*Exercise material*:
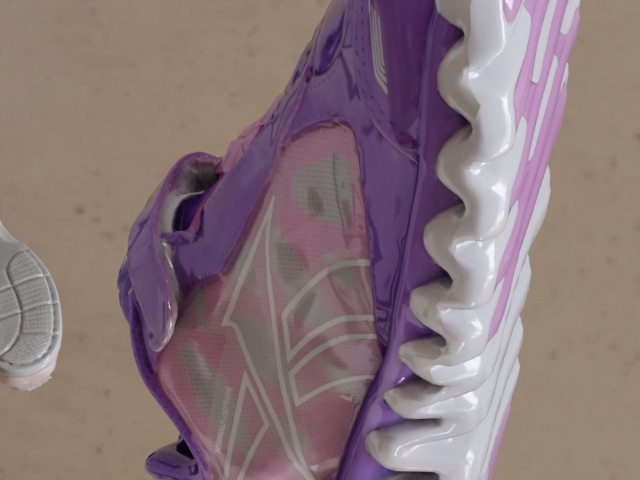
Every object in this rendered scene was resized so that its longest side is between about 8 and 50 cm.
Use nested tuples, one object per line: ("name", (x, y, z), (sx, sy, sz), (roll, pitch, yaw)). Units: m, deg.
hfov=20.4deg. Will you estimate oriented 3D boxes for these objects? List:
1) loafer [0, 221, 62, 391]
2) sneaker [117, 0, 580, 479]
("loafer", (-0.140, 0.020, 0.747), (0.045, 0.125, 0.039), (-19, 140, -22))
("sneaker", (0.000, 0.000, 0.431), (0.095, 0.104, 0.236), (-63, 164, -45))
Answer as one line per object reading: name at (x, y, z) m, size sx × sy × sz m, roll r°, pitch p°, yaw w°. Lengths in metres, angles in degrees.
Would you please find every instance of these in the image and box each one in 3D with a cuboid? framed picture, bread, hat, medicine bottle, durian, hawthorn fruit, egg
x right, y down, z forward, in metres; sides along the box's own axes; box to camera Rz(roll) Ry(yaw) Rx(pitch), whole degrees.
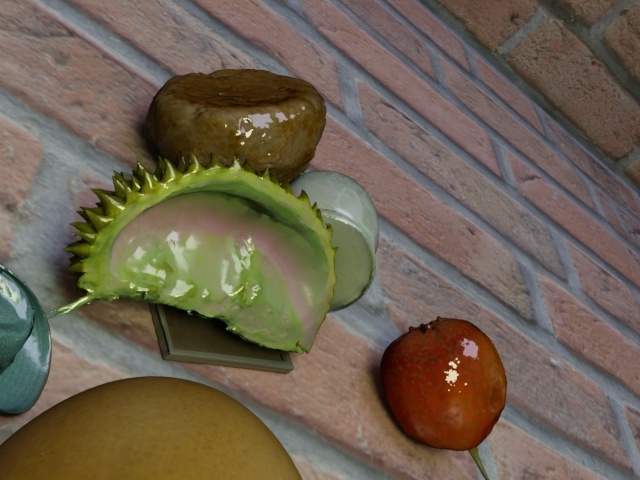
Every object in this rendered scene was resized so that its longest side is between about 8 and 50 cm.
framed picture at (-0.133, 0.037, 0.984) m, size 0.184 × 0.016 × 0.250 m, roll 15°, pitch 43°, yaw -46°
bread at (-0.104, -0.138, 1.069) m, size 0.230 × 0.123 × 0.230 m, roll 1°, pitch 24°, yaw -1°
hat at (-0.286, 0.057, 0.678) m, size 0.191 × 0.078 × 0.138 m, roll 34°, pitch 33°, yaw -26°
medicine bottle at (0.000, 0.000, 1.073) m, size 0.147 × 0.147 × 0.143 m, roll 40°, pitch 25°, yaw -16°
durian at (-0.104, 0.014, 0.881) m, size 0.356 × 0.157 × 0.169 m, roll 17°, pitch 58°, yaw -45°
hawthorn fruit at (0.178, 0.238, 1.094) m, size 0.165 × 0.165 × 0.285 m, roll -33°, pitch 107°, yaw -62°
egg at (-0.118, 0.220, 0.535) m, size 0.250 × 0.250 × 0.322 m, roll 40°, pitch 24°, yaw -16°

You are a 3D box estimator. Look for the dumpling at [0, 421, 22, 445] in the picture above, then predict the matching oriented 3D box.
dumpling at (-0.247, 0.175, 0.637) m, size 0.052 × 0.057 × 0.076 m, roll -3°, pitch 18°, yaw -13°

*Exercise aim*: Where pictures appear, drop them, and reproduce exactly only the lines running from the beginning of the data to the line that contains "x right, y down, z", inclusive.

*Solution to this exercise*:
Every object in this rendered scene was resized so that its longest side is between about 8 and 50 cm.
Use nested tuples, one object per line: ("name", (x, y, z), (sx, sy, sz), (roll, pitch, yaw)). Units: m, deg.
hfov=20.4deg. Will you estimate oriented 3D boxes for these objects? List:
1) loafer [0, 221, 62, 391]
2) sneaker [117, 0, 580, 479]
("loafer", (-0.140, 0.020, 0.747), (0.045, 0.125, 0.039), (-19, 140, -22))
("sneaker", (0.000, 0.000, 0.431), (0.095, 0.104, 0.236), (-63, 164, -45))
Answer as one line per object reading: name at (x, y, z) m, size sx × sy × sz m, roll r°, pitch p°, yaw w°. Lengths in metres, angles in degrees.
Would you please find every instance of these in the image and box each one in 3D with a cuboid? framed picture, bread, hat, medicine bottle, durian, hawthorn fruit, egg
x right, y down, z forward, in metres; sides along the box's own axes; box to camera Rz(roll) Ry(yaw) Rx(pitch), whole degrees.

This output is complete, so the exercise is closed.